C=$HOME/bin/pass-fail
[ -f $C ] && $C || ( pe; pe " Results cannot be verified." ) >&2
exit 0
producing:
$ ./s2
Environment: LC_ALL = C, LANG = C
(Versions displayed with local utility "version")
OS, ker|rel, machine: Linux, 3.16.0-4-amd64, x86_64
Distribution : Debian 8.6 (jessie)
bash GNU bash 4.3.30
rename /usr/bin/rename using File::Rename version 0.20
pass-fail (local) 1.9
dixf (local) 1.19
mv move (rename) files (man)
Path : /bin/mv
Type : ELF 64-bit LSB executable, x86-64, version 1 (SYSV ...)
Help : probably available with --help
rename renames multiple files (man)
Path : /usr/bin/rename
Type : symbolic link to /etc/alternatives/rename ...)

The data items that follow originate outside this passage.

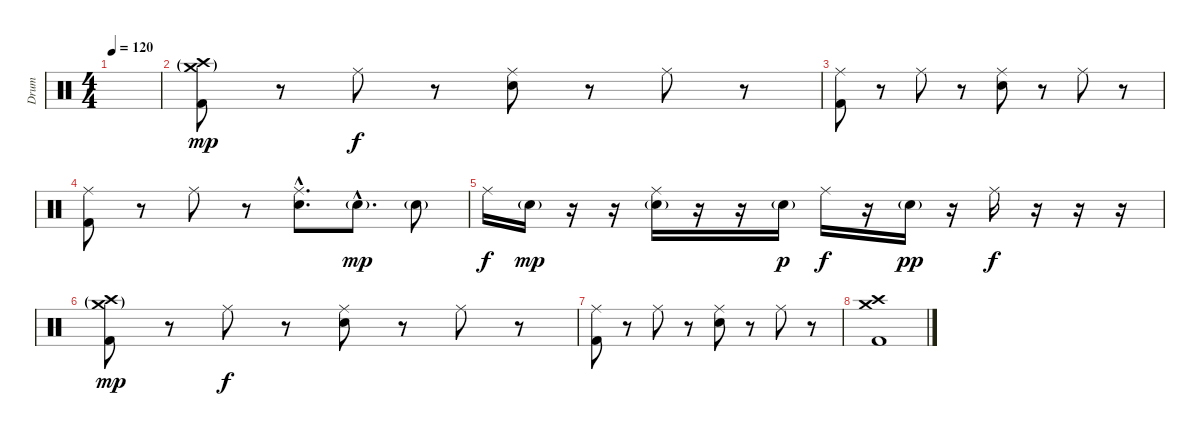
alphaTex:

\track ("Drum" "Drum") {instrument percussion}
\staff {score}
\articulation defaults
\ts (4 4)
\tempo 120
\clef neutral
\ks c
|
("Crash high (hit)"{g} "Crash medium (hit)"{g} "Kick (hit) 2").8{dy mp} r.8 "Ride (middle)".8{dy f} r.8 ("Ride (middle)" "Electric Snare (hit)").8 r.8 "Ride (middle)".8 r.8 |
("Ride (middle)" "Kick (hit) 2").8 r.8 "Ride (middle)".8 r.8 ("Ride (middle)" "Electric Snare (hit)").8 r.8 "Ride (middle)".8 r.8 |
("Ride (middle)" "Kick (hit) 2").8 r.8 "Ride (middle)".8 r.8 ("Ride (middle)"{hac} "Electric Snare (hit)"{hac}).8{d} "Electric Snare (hit)"{g hac}.8{d dy mp} "Electric Snare (hit)"{g}.8 |
"Ride (middle)".16{dy f} "Electric Snare (hit)"{g}.16{dy mp} r.16 r.16 ("Ride (middle)" "Electric Snare (hit)"{g}).16 r.16 r.16 "Electric Snare (hit)"{g}.16{dy p} "Ride (middle)".16{dy f} r.16 "Electric Snare (hit)"{g}.16{dy pp} r.16 "Ride (middle)".16{dy f} r.16 r.16 r.16 |
("Crash high (hit)"{g} "Crash medium (hit)"{g} "Kick (hit) 2").8{dy mp} r.8 "Ride (middle)".8{dy f} r.8 ("Ride (middle)" "Electric Snare (hit)").8 r.8 "Ride (middle)".8 r.8 |
("Ride (middle)" "Kick (hit) 2").8 r.8 "Ride (middle)".8 r.8 ("Ride (middle)" "Electric Snare (hit)").8 r.8 "Ride (middle)".8 r.8 |
("Crash high (hit)" "Crash medium (hit)" "Kick (hit) 2").1
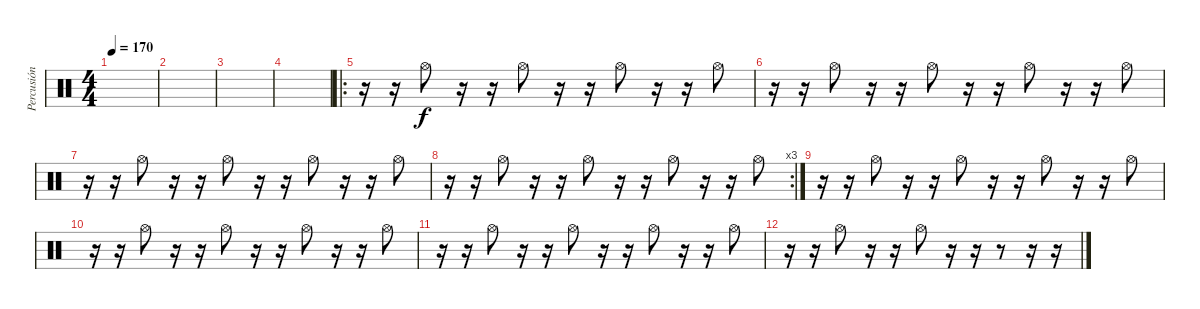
\track ("Percusión" "Percusión") {instrument percussion}
\staff {score}
\articulation defaults
\ts (4 4)
\tempo 170
\clef neutral
\ks c
|
|
|
|
\ro
r.16 r.16 "Hi-Hat (open)".8 r.16 r.16 "Hi-Hat (open)".8 r.16 r.16 "Hi-Hat (open)".8 r.16 r.16 "Hi-Hat (open)".8 |
r.16 r.16 "Hi-Hat (open)".8 r.16 r.16 "Hi-Hat (open)".8 r.16 r.16 "Hi-Hat (open)".8 r.16 r.16 "Hi-Hat (open)".8 |
r.16 r.16 "Hi-Hat (open)".8 r.16 r.16 "Hi-Hat (open)".8 r.16 r.16 "Hi-Hat (open)".8 r.16 r.16 "Hi-Hat (open)".8 |
\rc 3
r.16 r.16 "Hi-Hat (open)".8 r.16 r.16 "Hi-Hat (open)".8 r.16 r.16 "Hi-Hat (open)".8 r.16 r.16 "Hi-Hat (open)".8 |
r.16 r.16 "Hi-Hat (open)".8 r.16 r.16 "Hi-Hat (open)".8 r.16 r.16 "Hi-Hat (open)".8 r.16 r.16 "Hi-Hat (open)".8 |
r.16 r.16 "Hi-Hat (open)".8 r.16 r.16 "Hi-Hat (open)".8 r.16 r.16 "Hi-Hat (open)".8 r.16 r.16 "Hi-Hat (open)".8 |
r.16 r.16 "Hi-Hat (open)".8 r.16 r.16 "Hi-Hat (open)".8 r.16 r.16 "Hi-Hat (open)".8 r.16 r.16 "Hi-Hat (open)".8 |
r.16 r.16 "Hi-Hat (open)".8 r.16 r.16 "Hi-Hat (open)".8 r.16 r.16 r.8 r.16 r.16
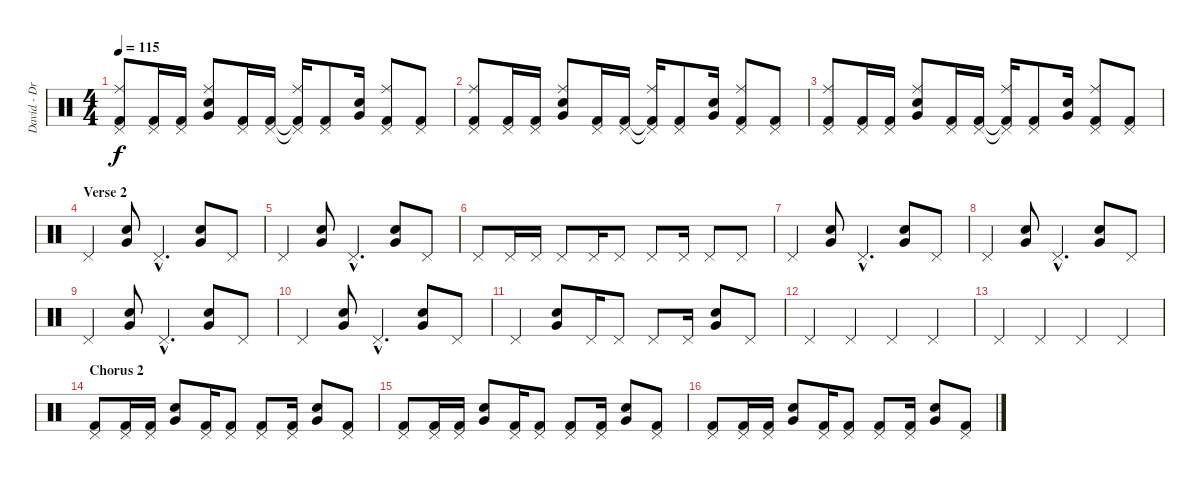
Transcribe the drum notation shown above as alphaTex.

\track ("David - Drums" "David - Dr") {instrument percussion}
\staff {score}
\articulation defaults
\ts (4 4)
\tempo 115
\clef neutral
\ks c
("Kick (hit) 2" "Pedal Hi-Hat (hit)" "Ride (middle)").8{dy f} ("Kick (hit) 2" "Pedal Hi-Hat (hit)").16 ("Kick (hit) 2" "Pedal Hi-Hat (hit)").16 ("Snare (hit) 2" "Very Low Tom (hit)" "Ride (middle)").8 ("Kick (hit) 2" "Pedal Hi-Hat (hit)").16 ("Kick (hit) 2" "Pedal Hi-Hat (hit)").16 ("Kick (hit) 2"{t} "Pedal Hi-Hat (hit)"{t} "Ride (middle)").16 ("Kick (hit) 2" "Pedal Hi-Hat (hit)").8 ("Snare (hit) 2" "Very Low Tom (hit)").16 ("Kick (hit) 2" "Pedal Hi-Hat (hit)" "Ride (middle)").8 ("Kick (hit) 2" "Pedal Hi-Hat (hit)").8 |
("Kick (hit) 2" "Pedal Hi-Hat (hit)" "Ride (middle)").8 ("Kick (hit) 2" "Pedal Hi-Hat (hit)").16 ("Kick (hit) 2" "Pedal Hi-Hat (hit)").16 ("Snare (hit) 2" "Very Low Tom (hit)" "Ride (middle)").8 ("Kick (hit) 2" "Pedal Hi-Hat (hit)").16 ("Kick (hit) 2" "Pedal Hi-Hat (hit)").16 ("Kick (hit) 2"{t} "Pedal Hi-Hat (hit)"{t} "Ride (middle)").16 ("Kick (hit) 2" "Pedal Hi-Hat (hit)").8 ("Snare (hit) 2" "Very Low Tom (hit)").16 ("Kick (hit) 2" "Pedal Hi-Hat (hit)" "Ride (middle)").8 ("Kick (hit) 2" "Pedal Hi-Hat (hit)").8 |
("Kick (hit) 2" "Pedal Hi-Hat (hit)" "Ride (middle)").8 ("Kick (hit) 2" "Pedal Hi-Hat (hit)").16 ("Kick (hit) 2" "Pedal Hi-Hat (hit)").16 ("Snare (hit) 2" "Very Low Tom (hit)" "Ride (middle)").8 ("Kick (hit) 2" "Pedal Hi-Hat (hit)").16 ("Kick (hit) 2" "Pedal Hi-Hat (hit)").16 ("Kick (hit) 2"{t} "Pedal Hi-Hat (hit)"{t} "Ride (middle)").16 ("Kick (hit) 2" "Pedal Hi-Hat (hit)").8 ("Snare (hit) 2" "Very Low Tom (hit)").16 ("Kick (hit) 2" "Pedal Hi-Hat (hit)" "Ride (middle)").8 ("Kick (hit) 2" "Pedal Hi-Hat (hit)").8 |
\section ("" "Verse 2")
"Pedal Hi-Hat (hit)".4 ("Snare (hit) 2" "Very Low Tom (hit)").8 "Pedal Hi-Hat (hit)"{hac}.4{d} ("Snare (hit) 2" "Very Low Tom (hit)").8 "Pedal Hi-Hat (hit)".8 |
"Pedal Hi-Hat (hit)".4 ("Snare (hit) 2" "Very Low Tom (hit)").8 "Pedal Hi-Hat (hit)"{hac}.4{d} ("Snare (hit) 2" "Very Low Tom (hit)").8 "Pedal Hi-Hat (hit)".8 |
"Pedal Hi-Hat (hit)".8 "Pedal Hi-Hat (hit)".16 "Pedal Hi-Hat (hit)".16 "Pedal Hi-Hat (hit)".8 "Pedal Hi-Hat (hit)".16 "Pedal Hi-Hat (hit)".8 "Pedal Hi-Hat (hit)".8 "Pedal Hi-Hat (hit)".16 "Pedal Hi-Hat (hit)".8 "Pedal Hi-Hat (hit)".8 |
"Pedal Hi-Hat (hit)".4 ("Snare (hit) 2" "Very Low Tom (hit)").8 "Pedal Hi-Hat (hit)"{hac}.4{d} ("Snare (hit) 2" "Very Low Tom (hit)").8 "Pedal Hi-Hat (hit)".8 |
"Pedal Hi-Hat (hit)".4 ("Snare (hit) 2" "Very Low Tom (hit)").8 "Pedal Hi-Hat (hit)"{hac}.4{d} ("Snare (hit) 2" "Very Low Tom (hit)").8 "Pedal Hi-Hat (hit)".8 |
"Pedal Hi-Hat (hit)".4 ("Snare (hit) 2" "Very Low Tom (hit)").8 "Pedal Hi-Hat (hit)"{hac}.4{d} ("Snare (hit) 2" "Very Low Tom (hit)").8 "Pedal Hi-Hat (hit)".8 |
"Pedal Hi-Hat (hit)".4 ("Snare (hit) 2" "Very Low Tom (hit)").8 "Pedal Hi-Hat (hit)"{hac}.4{d} ("Snare (hit) 2" "Very Low Tom (hit)").8 "Pedal Hi-Hat (hit)".8 |
"Pedal Hi-Hat (hit)".4 ("Snare (hit) 2" "Very Low Tom (hit)").8 "Pedal Hi-Hat (hit)".16 "Pedal Hi-Hat (hit)".8 "Pedal Hi-Hat (hit)".8 "Pedal Hi-Hat (hit)".16 ("Snare (hit) 2" "Very Low Tom (hit)").8 "Pedal Hi-Hat (hit)".8 |
"Pedal Hi-Hat (hit)".4 "Pedal Hi-Hat (hit)".4 "Pedal Hi-Hat (hit)".4 "Pedal Hi-Hat (hit)".4 |
"Pedal Hi-Hat (hit)".4 "Pedal Hi-Hat (hit)".4 "Pedal Hi-Hat (hit)".4 "Pedal Hi-Hat (hit)".4 |
\section ("" "Chorus 2")
("Kick (hit) 2" "Pedal Hi-Hat (hit)").8 ("Kick (hit) 2" "Pedal Hi-Hat (hit)").16 ("Kick (hit) 2" "Pedal Hi-Hat (hit)").16 ("Snare (hit) 2" "Very Low Tom (hit)").8 ("Kick (hit) 2" "Pedal Hi-Hat (hit)").16 ("Kick (hit) 2" "Pedal Hi-Hat (hit)").8 ("Kick (hit) 2" "Pedal Hi-Hat (hit)").8 ("Kick (hit) 2" "Pedal Hi-Hat (hit)").16 ("Snare (hit) 2" "Very Low Tom (hit)").8 ("Kick (hit) 2" "Pedal Hi-Hat (hit)").8 |
("Kick (hit) 2" "Pedal Hi-Hat (hit)").8 ("Kick (hit) 2" "Pedal Hi-Hat (hit)").16 ("Kick (hit) 2" "Pedal Hi-Hat (hit)").16 ("Snare (hit) 2" "Very Low Tom (hit)").8 ("Kick (hit) 2" "Pedal Hi-Hat (hit)").16 ("Kick (hit) 2" "Pedal Hi-Hat (hit)").8 ("Kick (hit) 2" "Pedal Hi-Hat (hit)").8 ("Kick (hit) 2" "Pedal Hi-Hat (hit)").16 ("Snare (hit) 2" "Very Low Tom (hit)").8 ("Kick (hit) 2" "Pedal Hi-Hat (hit)").8 |
("Kick (hit) 2" "Pedal Hi-Hat (hit)").8 ("Kick (hit) 2" "Pedal Hi-Hat (hit)").16 ("Kick (hit) 2" "Pedal Hi-Hat (hit)").16 ("Snare (hit) 2" "Very Low Tom (hit)").8 ("Kick (hit) 2" "Pedal Hi-Hat (hit)").16 ("Kick (hit) 2" "Pedal Hi-Hat (hit)").8 ("Kick (hit) 2" "Pedal Hi-Hat (hit)").8 ("Kick (hit) 2" "Pedal Hi-Hat (hit)").16 ("Snare (hit) 2" "Very Low Tom (hit)").8 ("Kick (hit) 2" "Pedal Hi-Hat (hit)").8

Modules : (for perl codes)
strict 1.08
File::Rename 0.20
Pod::Usage 1.63
pass-fail Compare files, issue pass or fail verdict, <f1>, <expected-output.txt>. (what)
Path : ~/bin/pass-fail
Length : 90 lines
Type : a /usr/bin/env bash script, ASCII text executable
Shebang : #!/usr/bin/env bash
dixf Display information about executable file, script or binary. (what)
Path : ~/bin/dixf
Length : 153 lines
Type : a /usr/bin/env bash script, ASCII text executable
Shebang : #!/usr/bin/env bash
Help : probably available with --help,--man,--usage
-----
Input data file data1, creating files:
IonXpress_007_MEVxx_R_2016_11_18_10_45_10_user_S5-00580-14-Medexome.bam
IonXpress_007_MEVxx_R_2016_11_18_10_45_10_user_S5-00580-14-Medexome.txt
IonXpress_007_MEVxx_R_2016_11_18_10_45_10_user_S5-00580-14-Medexome.vcf
IonXpress_008_MEVxy_R_2016_11_18_10_45_10_user_S5-00580-14-Medexome.bam
IonXpress_008_MEVxy_R_2016_11_18_10_45_10_user_S5-00580-14-Medexome.txt
IonXpress_008_MEVxy_R_2016_11_18_10_45_10_user_S5-00580-14-Medexome.vcf
IonXpress_009_MEVxz_R_2016_11_18_10_45_10_user_S5-00580-14-Medexome.bam
IonXpress_009_MEVxz_R_2016_11_18_10_45_10_user_S5-00580-14-Medexome.txt
IonXpress_009_MEVxz_R_2016_11_18_10_45_10_user_S5-00580-14-Medexome.vcf
-----
Expected output:
IonXpress_007.bam
IonXpress_008.bam
IonXpress_009.bam
IonXpress_007.vcf
IonXpress_008.vcf
IonXpress_009.vcf
IonXpress_007_MEVxx_R_2016_11_18_10_45_10_user_S5-00580-14-Medexome.txt
IonXpress_008_MEVxy_R_2016_11_18_10_45_10_user_S5-00580-14-Medexome.txt
IonXpress_009_MEVxz_R_2016_11_18_10_45_10_user_S5-00580-14-Medexome.txt
-----
Results:
IonXpress_007.bam
IonXpress_008.bam
IonXpress_009.bam
IonXpress_007.vcf
IonXpress_008.vcf
IonXpress_009.vcf
IonXpress_007_MEVxx_R_2016_11_18_10_45_10_user_S5-00580-14-Medexome.txt
IonXpress_008_MEVxy_R_2016_11_18_10_45_10_user_S5-00580-14-Medexome.txt
IonXpress_009_MEVxz_R_2016_11_18_10_45_10_user_S5-00580-14-Medexome.txt
-----
Verify results if possible:
-----
Comparison of 9 created lines with 9 lines of desired results:
Succeeded -- files (computed) f1 and (standard) expected-output.txt have same content.
Different repositories may have different versions of rename
.
Best wishes ... cheers, drl
1 Like
cmccabe
November 24, 2016, 8:23am
5
Thank you all very much and enjoy your holiday :).